**Activity**
Please copy each line of the listing that includes the string "Answer".

◇ ◇ ◇ ◇ ◇

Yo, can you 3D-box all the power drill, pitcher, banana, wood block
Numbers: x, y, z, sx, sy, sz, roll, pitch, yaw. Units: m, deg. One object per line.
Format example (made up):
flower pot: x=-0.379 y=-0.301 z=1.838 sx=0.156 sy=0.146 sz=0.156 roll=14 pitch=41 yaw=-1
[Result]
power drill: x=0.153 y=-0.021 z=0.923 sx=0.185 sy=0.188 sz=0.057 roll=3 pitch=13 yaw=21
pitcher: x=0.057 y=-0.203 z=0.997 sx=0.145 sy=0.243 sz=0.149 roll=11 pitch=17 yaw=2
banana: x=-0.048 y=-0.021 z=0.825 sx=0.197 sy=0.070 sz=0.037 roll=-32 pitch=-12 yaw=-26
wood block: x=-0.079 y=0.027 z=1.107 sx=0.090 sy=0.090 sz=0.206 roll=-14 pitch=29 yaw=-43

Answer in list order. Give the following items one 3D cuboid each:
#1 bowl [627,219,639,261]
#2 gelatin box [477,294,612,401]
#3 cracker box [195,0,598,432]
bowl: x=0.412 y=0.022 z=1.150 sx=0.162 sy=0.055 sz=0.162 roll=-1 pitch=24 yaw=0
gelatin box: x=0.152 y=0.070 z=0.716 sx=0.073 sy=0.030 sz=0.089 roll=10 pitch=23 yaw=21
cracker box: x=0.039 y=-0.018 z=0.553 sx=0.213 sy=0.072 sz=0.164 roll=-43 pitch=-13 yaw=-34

◇ ◇ ◇ ◇ ◇

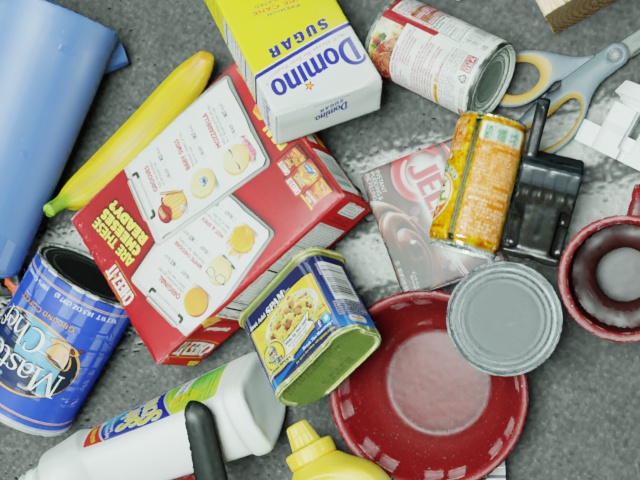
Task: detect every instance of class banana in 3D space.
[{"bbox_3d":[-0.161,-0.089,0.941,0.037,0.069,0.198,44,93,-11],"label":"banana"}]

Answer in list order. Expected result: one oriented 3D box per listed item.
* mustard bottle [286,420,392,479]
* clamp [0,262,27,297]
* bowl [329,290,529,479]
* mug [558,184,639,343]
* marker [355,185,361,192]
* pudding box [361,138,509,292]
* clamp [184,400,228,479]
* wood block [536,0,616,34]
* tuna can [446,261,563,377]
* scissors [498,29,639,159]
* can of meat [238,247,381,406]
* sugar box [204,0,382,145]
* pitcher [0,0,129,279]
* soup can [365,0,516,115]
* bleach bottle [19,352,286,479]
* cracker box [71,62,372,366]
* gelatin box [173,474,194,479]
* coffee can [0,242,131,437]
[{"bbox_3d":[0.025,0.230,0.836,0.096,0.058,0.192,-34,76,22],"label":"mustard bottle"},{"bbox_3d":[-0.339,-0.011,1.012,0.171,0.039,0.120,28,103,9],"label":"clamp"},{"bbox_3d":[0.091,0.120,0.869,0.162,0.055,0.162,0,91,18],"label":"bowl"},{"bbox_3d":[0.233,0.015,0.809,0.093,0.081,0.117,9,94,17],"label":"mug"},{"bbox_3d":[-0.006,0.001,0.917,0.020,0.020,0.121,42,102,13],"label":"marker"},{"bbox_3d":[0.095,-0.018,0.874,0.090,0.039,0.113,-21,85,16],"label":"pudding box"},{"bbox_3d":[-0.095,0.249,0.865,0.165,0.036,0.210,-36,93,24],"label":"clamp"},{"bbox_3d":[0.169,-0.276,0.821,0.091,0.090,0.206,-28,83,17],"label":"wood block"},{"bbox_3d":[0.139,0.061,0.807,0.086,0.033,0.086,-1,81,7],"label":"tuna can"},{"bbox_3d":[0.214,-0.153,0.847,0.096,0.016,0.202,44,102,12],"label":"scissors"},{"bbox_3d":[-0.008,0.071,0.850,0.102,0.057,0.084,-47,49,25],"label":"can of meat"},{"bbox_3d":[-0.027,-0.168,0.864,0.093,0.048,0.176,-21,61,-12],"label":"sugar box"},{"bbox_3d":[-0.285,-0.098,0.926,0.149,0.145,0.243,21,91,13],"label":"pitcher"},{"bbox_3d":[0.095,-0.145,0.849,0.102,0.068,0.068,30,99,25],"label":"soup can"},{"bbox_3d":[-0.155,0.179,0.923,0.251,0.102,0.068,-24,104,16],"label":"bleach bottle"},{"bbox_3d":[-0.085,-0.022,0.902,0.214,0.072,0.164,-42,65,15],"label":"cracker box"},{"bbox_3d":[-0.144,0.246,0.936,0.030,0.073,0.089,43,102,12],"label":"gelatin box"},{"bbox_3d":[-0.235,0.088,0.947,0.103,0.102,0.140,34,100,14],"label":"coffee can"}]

◇ ◇ ◇ ◇ ◇

**Solution below**
Answer in list order. Give the following items one 3D cuboid each:
Answer in list order. Expected result: one oriented 3D box per listed item.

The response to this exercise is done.